UPDATE FROM THE 2019 NEVADA LEGISLATIVE SESSION
The 2019 Nevada Legislative Session ended on Monday, June 3rd with many bills heading to Governor Sisolak’s desk for signature. Below is a summary of some of the latest on new laws affecting Nevada employers, including when they will go into effect so you can prepare.
AB456 – Minimum Wage
Effective July 1, 2019
Minimum wage will increase $0.75 each year until it reaches $11 per hour (when you offer qualified health benefits) and $12 per hour (when you do not offer qualifying health benefits).
July 1, 2019 – $7.25 / $8.25
July 1, 2020 – $8.00 / $9.00
July 1, 2021 – $8.75 / $9.75
July 1, 2022 – $9.50 / $10.50
July 1, 2023 – $10.25 / $11.25
July 1, 2024 – $11.00 / $12.00
Employees can bring civil actions against an employer for failing to pay minimum wage appropriately. If successful, employees can recover back pay, damages, reinstatement, injunctive relief, and the court must award the employee’s attorney’s fees.
SB312 – Paid Time Off
Effective January 1, 2020
Private employers with 50 or more employees are required to provide paid time off to their employees. Covered employers must provide at least 0.01923 hours of paid time off for each hour worked; an equivalent of 40 hours each year (assuming 40 hours per week, 52 weeks per year).
- First 2 years of operation of an employers
- Temporary, seasonal, or on-call employees
- Employer provides “to all scheduled employees” at least 0.01923 hours of paid time office for each hour worked
Paid time off can be used for any reason and that reason does not have to be disclosed to the employer. However, the employee must provide notice of the intent to take paid leave as soon as practicable. Paid time office becomes available for use upon the 90th day of employment. Employers may set a minimum of paid time off that an employee can use at any one time, but it cannot exceed 4 hours (i.e. cannot require an employee take a full day paid leave). Employers cannot deny use of paid time off or require the employee to find a replacement in order to utilize paid time off.
Employers can provide the PTO at the beginning of the benefit year or require employees to accrue the leave over time. Benefit year is defined as the 365 days used by the employer to calculate accrual. If an employer uses accrual, employers must allow employees to rollover any accrued, but unused paid time off into the following year; with a cap on roll over of 40 hours.
Employers are not required to pay unused paid time off upon separation of employment, but if the person is re-hired within 90 days and the reason for separation is not because the employee left voluntarily, employer must reinstate unused paid time off. Failure to comply with the requirements of this law could result in administrative penalties of up to $5,000 per violation.
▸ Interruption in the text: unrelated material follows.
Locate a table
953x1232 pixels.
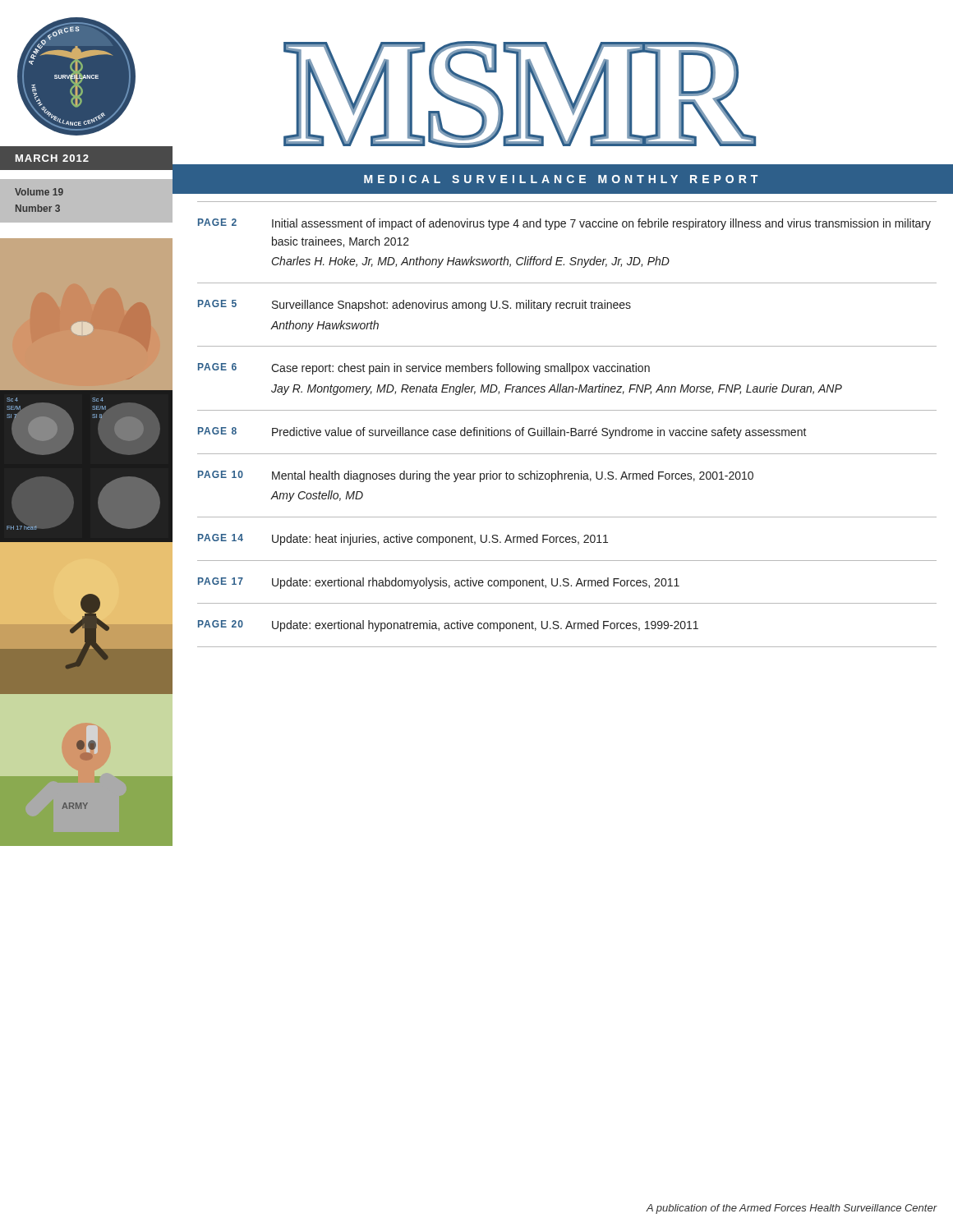coord(567,424)
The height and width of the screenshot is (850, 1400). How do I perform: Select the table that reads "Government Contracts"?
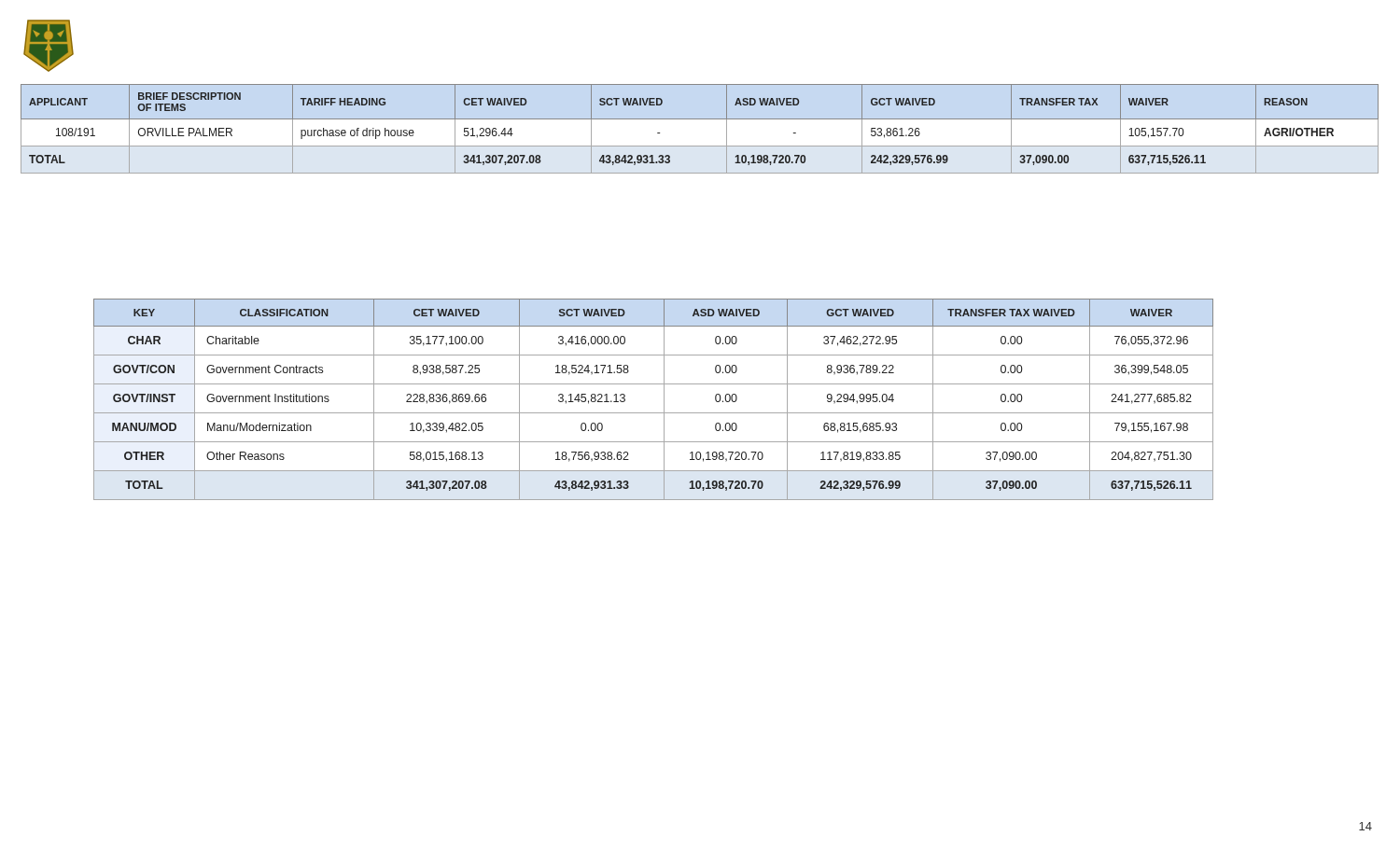653,399

SB192 – Qualifying Health Benefits for Minimum Wage
Effective May 21, 2019 (definition effective January 1, 2020)
In order to pay the lower tier minimum wage, employers must make health benefits available to the employee and the employee’s dependents that provides:
(1) Coverage for services in the following categories and the items and services covered within the following categories:
- Ambulatory patient services
- Emergency services
- Maternity and newborn care
- Mental health and substance use disorder services, including, without limitation, behavioral health treatment
- prescription drugs
- Rehabilitative and habilitative services and devices
- Laboratory services
- Preventative and wellness services and chronic disease management
- Pediatric services, which are not required to include oral or vision care; and
- Any other health care service or coverage level required to be included in an individual or group health benefit plan required by NRS 57.
(2) A level of health coverage that is designed to provide benefits equivalent to at least 60% of a Taft-Hartley plan
(3) A Taft-Hartley plan
AB132 – Prohibitions Regarding Marijuana
Effective January 1, 2020
Employers cannot fail or refuse to hire a prospective employee because he/she tested positive for marijuana during a pre-employment drug screen.
- Emergency Medical Technicians (EMTs)
- Anyone required by law to submit to a drug screen (i.e. DOT)
- Anyone “in the determination of the employer” could adversely affect the safety of others
For employers who require a screening test within the first 30 days of employment, the employee has a right to submit an additional drug screening test (at the employee’s expense) to rebut the results of the initial test. Employers must give appropriate consideration to the results.
This law does not apply: (1) where it conflicts with an employment contract or a collective bargaining agreement (CBA); (2) where it conflicts with federal law; or (3) where the position is funded by a federal grant.